LOS ANGELES – CBS has rejected two Super Bowl advertisements touting vegetarianism and bashing President Bush because they violate its advocacy rules, the network said Friday.

The ad prepared by People for the Ethical Treatment of Animals asserts that meat-eating causes impotence, using two attractive women and an unlucky pizza deliveryman to make its point.

Meanwhile, the liberal online advocacy Web site MoveOn.org sought to place an ad that uses images of children working at adult jobs to criticize the federal budget deficit. The Super Bowl is traditionally the most-watched TV event of the year.

“We do not accept advertising on one side or the other of controversial public issues, partly because we don’t think the debate ought to be controlled by people with deep pockets,” said Martin Franks, CBS executive vice president.

CBS also covers these issues in a balanced way with its news department, Franks said.

The network’s content decisions have been a hot topic since CBS canceled a miniseries about former President Reagan that conservatives said distorted his legacy.

Although MoveOn.org founder Wes Boyd said he had no evidence the ad was rejected because it was anti-Bush, “I worry that it’s about ideology,” he said.

Franks noted that CBS routinely rejects ads on both sides of controversial issues like abortion and gun control.

In a presidential election year, network airspace will soon be filled with pointed political messages.

But CBS is required by law to accept ads for candidates and cannot change their message, Franks said.

PETA thought it had a winner with a commercial that used three winning components of advertising – sex, humor and animals, said Lisa Lange, the organization’s spokeswoman.

Lange said CBS’ policy is inconsistent, because she’s seen ads condemning smoking and drunken driving on past Super Bowl telecasts.

“If you can find a respectable group that is for drug abuse or kids starting to smoke, then I would find that to be an intellectually rigorous argument,” Franks said.

Some TV insiders believe organizations put forth ads they know will be rejected in the hope of attracting publicity, thereby attracting attention to their cause without having to pay for it.

But Boyd said his group had high hopes for placing its ad on the Feb. 1 Super Bowl broadcast.

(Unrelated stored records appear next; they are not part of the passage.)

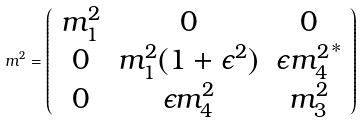Convert formula to latex. <formula><loc_0><loc_0><loc_500><loc_500>m ^ { 2 } = \left ( \begin{array} { c c c } m _ { 1 } ^ { 2 } & 0 & 0 \\ 0 & m _ { 1 } ^ { 2 } ( 1 + \epsilon ^ { 2 } ) & \epsilon { m _ { 4 } ^ { 2 } } ^ { * } \\ 0 & \epsilon m _ { 4 } ^ { 2 } & m _ { 3 } ^ { 2 } \end{array} \right )</formula> 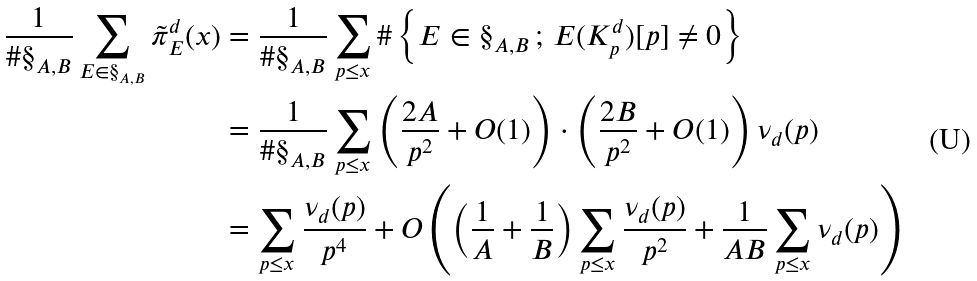<formula> <loc_0><loc_0><loc_500><loc_500>\frac { 1 } { \# \S _ { A , B } } \sum _ { E \in \S _ { A , B } } \tilde { \pi } _ { E } ^ { d } ( x ) & = \frac { 1 } { \# \S _ { A , B } } \sum _ { p \leq x } \# \left \{ E \in \S _ { A , B } \, ; \, E ( K _ { p } ^ { d } ) [ p ] \neq 0 \right \} \\ & = \frac { 1 } { \# \S _ { A , B } } \sum _ { p \leq x } \left ( \frac { 2 A } { p ^ { 2 } } + O ( 1 ) \right ) \cdot \left ( \frac { 2 B } { p ^ { 2 } } + O ( 1 ) \right ) \nu _ { d } ( p ) \\ & = \sum _ { p \leq x } \frac { \nu _ { d } ( p ) } { p ^ { 4 } } + O \left ( \left ( \frac { 1 } { A } + \frac { 1 } { B } \right ) \sum _ { p \leq x } \frac { \nu _ { d } ( p ) } { p ^ { 2 } } + \frac { 1 } { A B } \sum _ { p \leq x } \nu _ { d } ( p ) \right )</formula> 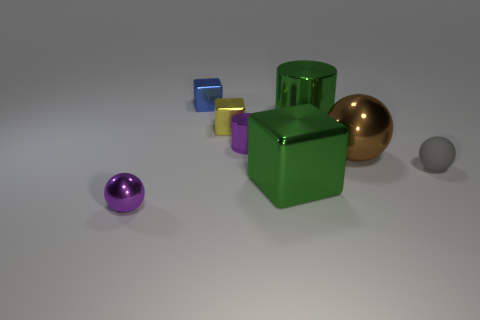What number of other yellow objects have the same shape as the rubber thing?
Make the answer very short. 0. What is the shape of the green shiny thing behind the small purple metallic thing that is on the right side of the sphere that is in front of the matte thing?
Provide a short and direct response. Cylinder. What is the material of the object that is both on the right side of the blue object and in front of the tiny gray ball?
Your answer should be compact. Metal. There is a metal cylinder that is to the right of the purple cylinder; is its size the same as the tiny yellow shiny cube?
Provide a short and direct response. No. Is there anything else that is the same size as the yellow shiny object?
Offer a very short reply. Yes. Are there more green metal cylinders on the right side of the small blue metallic block than green objects left of the large metallic ball?
Make the answer very short. No. What color is the big shiny object that is right of the green object behind the block in front of the big brown metallic object?
Give a very brief answer. Brown. There is a cylinder that is on the right side of the tiny purple cylinder; is its color the same as the small metallic cylinder?
Keep it short and to the point. No. What number of other objects are the same color as the large metallic cube?
Your answer should be compact. 1. How many objects are either tiny metallic spheres or purple metallic blocks?
Offer a very short reply. 1.

The ad will run on CNN starting the day of Bush’s State of the Union message.

The group said it had raised more than $875,000 from 21,000 donors to buy time for the ad, which won a contest among videographers.

“It seems to be there’s a capricious approach as to what ads are taken and which are not,” Boyd said.

Last year, MoveOn.org bought air time during the Super Bowl for an ad criticizing the buildup to the Iraq war with CBS’ Washington affiliate, he said.

Similarly, after Fox rejected a pro-vegetarian Super Bowl ad two years ago, PETA bought air time for the same ad on Valentine’s Day in five local markets, Lange said. One market, in Mobile, Ala., rejected it, she said.

“In a sense, everything is an advocacy ad,” Lange said. “Every time you run a burger ad, you’re advocating that people eat meat. And meat-eating is a controversial activity.”